The tool comprises 43 questions to prompt the investigation of the data quality. It also uses a quality framework, with six dimensions: relevance, accessibility, coherence, interpretability, accuracy and institutional environment. ‘Accuracy’ has the same meaning as used in the ESS QAF. In relation to the assurance and audit of the underlying administrative data the US tool specifically asks:

What investigations/analyses have been conducted that reveal data quality characteristics (such as Government Accountability Office reports, Office of Inspector General audits, internal agency reviews etc)
Describe the checks the administrative agency performs to ensure the quality of the data and the typical results for your production processes
Describe the principles, standards, or guidelines the agency uses as a basis to determine what is considered acceptable quality
Describe the findings and corrective actions of studies, evaluations or audits to assess compliance with quality standards

The US tool highlights the information that official statistical producers can obtain about the underpinning administrative data sources, to better understand the quality implications for the statistical outputs.

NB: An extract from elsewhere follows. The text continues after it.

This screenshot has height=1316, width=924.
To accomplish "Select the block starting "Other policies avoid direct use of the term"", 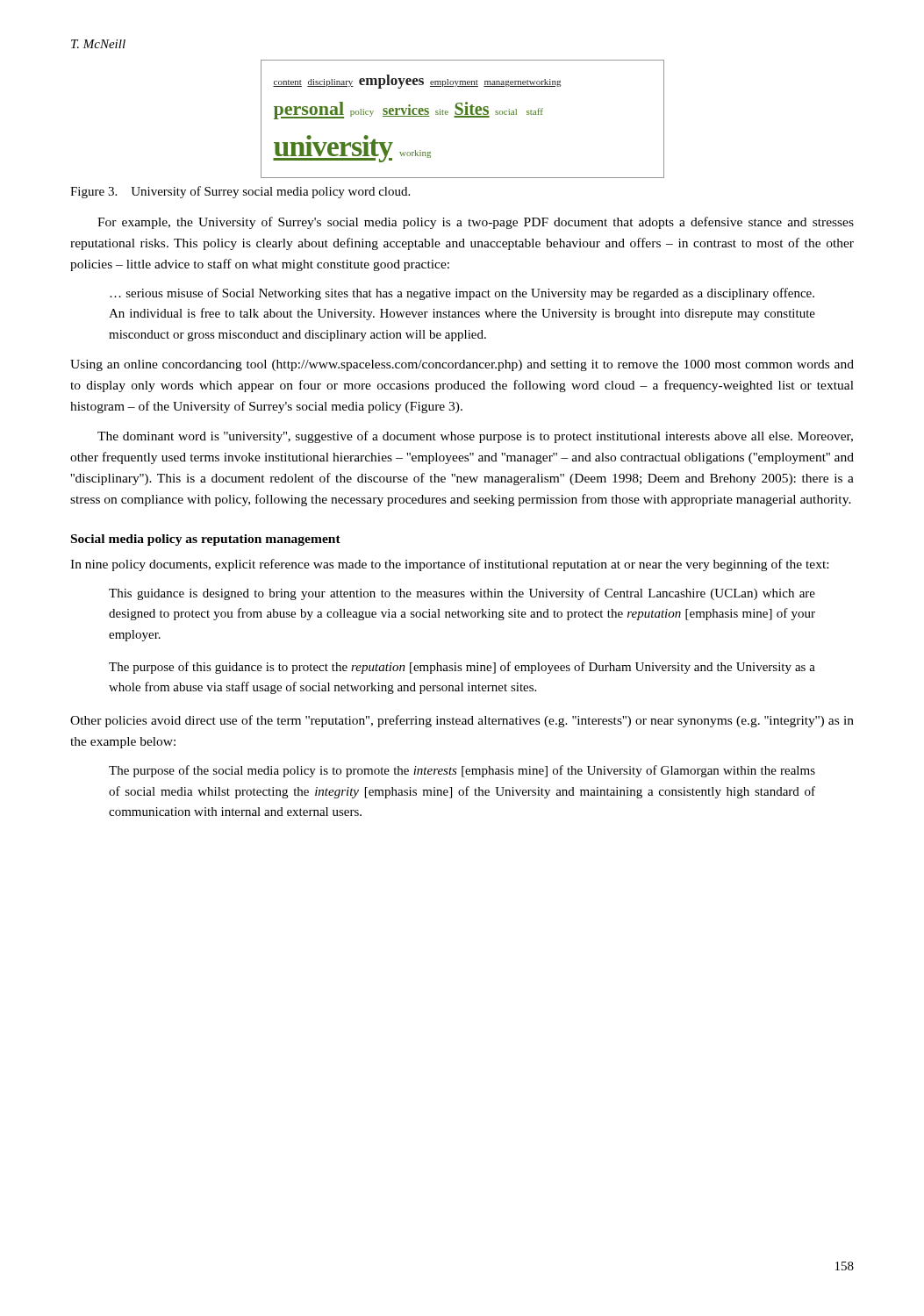I will pyautogui.click(x=462, y=731).

‘Hyper-dimensions’ of Quality: Source, Metadata and Data

Statistics Netherlands has developed a quality framework and checklist for NSIs to apply to administrative data sources.

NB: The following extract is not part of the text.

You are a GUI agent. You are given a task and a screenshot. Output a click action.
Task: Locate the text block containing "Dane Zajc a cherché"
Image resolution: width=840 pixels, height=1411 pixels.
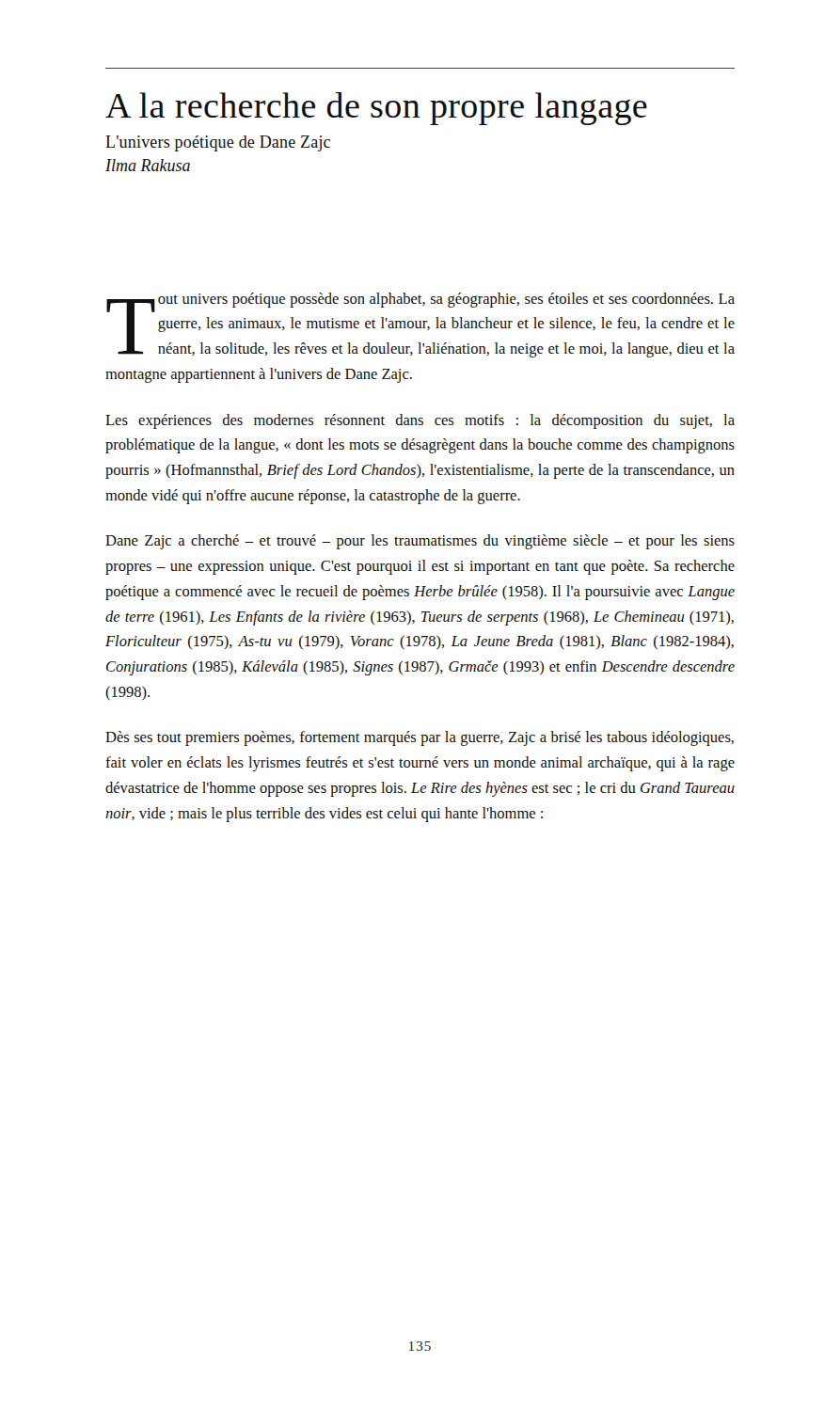click(x=420, y=616)

It highlights three ‘hyper-dimensions’ of quality: Source, Metadata and Data.

‘Source’ reviews the quality aspects of the data source as a whole, the data collection organisation and the delivery of the data to the statistical producer. The detailed dimensions are: supplier, relevance, privacy and security, delivery and procedures
‘Metadata’ describes the quality aspects relating to the information required to understand and use the data: clarity, comparability, and data treatment by the data source keeper
‘Data’ involves quality aspects that are mainly related to the accuracy of the administrative data such as over-coverage, under-coverage, unit non- response, item non-response and measurement – which includes activities such as ‘external check: has an audit or parallel test been performed?’

It developed a checklist to assist NSIs in the assessment of the quality of the administrative data sources that covers the first two hyper-dimensions which both include some aspects of the assurance arrangements of data suppliers. The information is mainly captured through a structured study of data quality indicators under the ‘Data’ hyper-dimension.

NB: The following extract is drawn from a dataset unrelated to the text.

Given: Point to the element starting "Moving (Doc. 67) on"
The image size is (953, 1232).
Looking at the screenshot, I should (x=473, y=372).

Statistics Netherland’s tool has informed the development of a quality indicator instrument as part of the ESS network (‘ESSnet’) project on administrative data focusing on business and trade statistics. It is intended to be used by NSIs in routinely verifying the quality of administrative data received from data suppliers, and includes indicators for each of the ESS quality dimensions.

The quality indicator instrument will be useful for statistical producers conducting their own quality assurance of the data received from suppliers, particularly in highlighting possible errors for further investigation.

The ESSnet project also identified checks to be conducted when first considering the use of an administrative data source for producing official statistics.

The indicators highlight the need to be clear about what is needed from the statistical use of the data and to build a comprehensive understanding of the administrative source.

They suggest that producers compare definitions between the need and the source, and determine the coverage, such as geographical area, reporting delays, and thresholds in size or quantity.

Producers can also contact data suppliers and seek expert opinion from those managing the collection process, to become acquainted with practical aspects of the collection.

The project also emphasises the benefits of comparing with other data sources, to gain a more objective view, particularly with a trustworthy source. It may be possible to use methods such as capture-recapture procedures to estimate duplicates in the administrative data.

Visual inspection also will enable outliers and/or processing errors to be identified, through charting the data and making comparisons of distributions.